Data layout

This page discusses how data is laid down in memory, and it provides some hints about how to use NumPy efficiently with the memory layout used by the LiteBIRD Simulation Framework. We focus mostly on the detectors time-ordered-data (TOD), as they are the largest object we expect to handle frequently.

The LiteBIRD Simulation Framework stores TOD as a matrix with one row per detector and the other detector attributes as arrays with one entry per detector. This means that, given an observation obs, you access quantities with patterns like obs.fknee[12] (as opposed to obs.detectors[12].fknee). Note you can easily write single lines that operate on all the detectors:

# Apply to each detector its own calibration factor
obs.tod *=  obs.calibration_factors[:, None]
# Generate white noise at different level for each detector
obs.tod = (np.random.normal(size=obs.tod.shape)
           * obs.wn_level[:, None])

TOD as two-dimensional arrays

Organizing the TOD in a matrix is ideal because it enables fast access to (1) many samples for one detector and (2) many detectors for one time sample. In fact, TOD are a large set of samples. Each sample is identified by the time at which it was taken and by the detector that took it. If all the detectors are synchronously sampled, these samples can be organized in a matrix D-by-T, where D is the number of detectors and T is the number of time samples. Following numpy.ndarray notation, we denote it as tod[row_index, col_index]. Accessing the \(i\)-th row can be done using the notation tod[i]: for instance, tod[3] gets the fourth row (the TOD of the fourth detector); accessing the fourth column, i.e., the fourth sample of each detector, can be done with tod[:, 3] (remember that in Python we start counting from 0). So, the way the framework keeps TODs in memory makes easy to operate on the «detector dimension» as well as on the «time dimension».

You can take advantage of NumPy functions to easily propagate operations along one dimension or another. For instance, taking the time stream of the mean signal across the focal plane is done with tod.mean(axis=0). In general, an extremely large number of operations can be expressed in terms of numpy functions and they can operate easily and efficiently over axes of multi-dimensional arrays. Similarly, if C is a cross-talk matrix, the operation C @ tod mixes the TODs.

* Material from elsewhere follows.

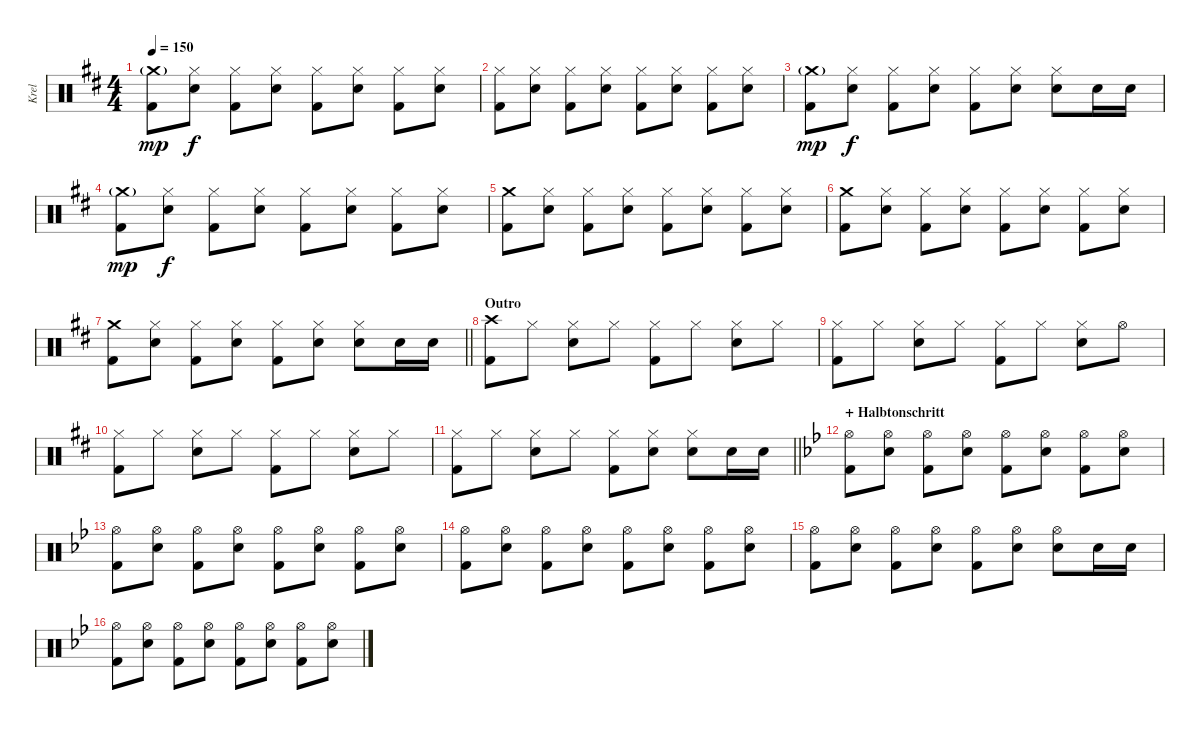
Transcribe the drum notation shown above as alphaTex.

The previous examples are not only easy to write, they are also (very likely) as fast as they can be (compared to different data layouts). This is particularly true for the last example. The matrix multiplication C @ tod calls internally some highly optimized dense linear algebra routines.

Even when there is not really communications between detectors involved, having data in a 2-dimensional array produces (arguably) cleaner code and sometimes faster code (never slower). Suppose you have a list of calibration_factors and a list of time streams tod. You can apply the calibration factors with

for calibration_factor, det_tod in zip(calibration_factors, tod):
    det_tod *= calibration_factor

but if calibration_factors is an array and tod a matrix you can achieve the same result with the easier and (typically) faster

tod *= calibration_factors[:, None]

Splitting the TOD matrix

When working on a laptop (or a single compute node) we can live in the ideal case discussed above. We can benefit both from the API simplifications and the performance of the compiled codes that the numerical libraries typically call. Moreover, these libraries are often threaded (or easily threadable) and therefore we can in principle leverage on all the processors available.

However, when working on clusters, we have to split this matrix into pieces. We resort to supercomputers either when we want more CPU power than a laptop or because we need more memory to store our data. Both motivations apply to full-scale LiteBIRD simulations (4000 detectors, sampled at 20 GHz for 3 years take approximately 10 TB). Therefore, we have to distribute the matrix and a compute node has access only to the portion of the matrix that is in its memory.

To do this, we split the matrix into blocks that are stored as (sub-)matrices. At the present stage, there is no constraint on the shape of these blocks, they can also be a single row or a single column. The important thing is that, if the block spans more than a row, it is stored as a matrix (a 2-dimensional array). This means that, for the time- and detector-chunk assigned to a compute node, all the benefits discussed in the previous section apply.

Choosing the shape of the blocks

The most convenient block shape depends on the application:

  • Some operations prefer to store an entire row. For example, \(4\pi\) beam convolution has a memory overhead of the order of the GB for each beam, which is in principle different for each detector. For this operation is therefore more convenient to hold a detector for the entire length of the mission.

  • However, other operations prefer to have an entire column. For example, computing the common mode across the focal plane requires information from all the detectors at every time sample. This is trivial if the full detector column is in the memory, but it is very complicated if it is scattered across many compute nodes.

    Another example is cross-talks. Mixing the TOD of different detectors is trivial when everything is in memory, but otherwise it requires sending large messages across the network. Sending messages is not only a performance issue, it means that probably a custom algorithm has to be written, and this algorithm will probably require MPI communications, which are notoriously hard to develop and debug.

Since there is no one-size-fit-all solution, the LiteBIRD Simulation Framework keeps the most generic approach. The shape of the blocks depends on the application, and it is possible to change it during the execution. (However, this takes time and should thus be done only when strictly necessary.)

Caveats

An important thing to remember is that, if the TOD matrix is chunked along the detector dimension, only the corresponding portion of the property array is detained in memory.

This has a few important implications:

  1. Regardless if and how the TOD is distributed, both obs.tod[i] and obs.wn_level[i] refer to the same detector;

  2. obs.tod and obs.wn_level have the same length;

  3. Operations like obs.tod * obs.wn_level[:, None] are correct.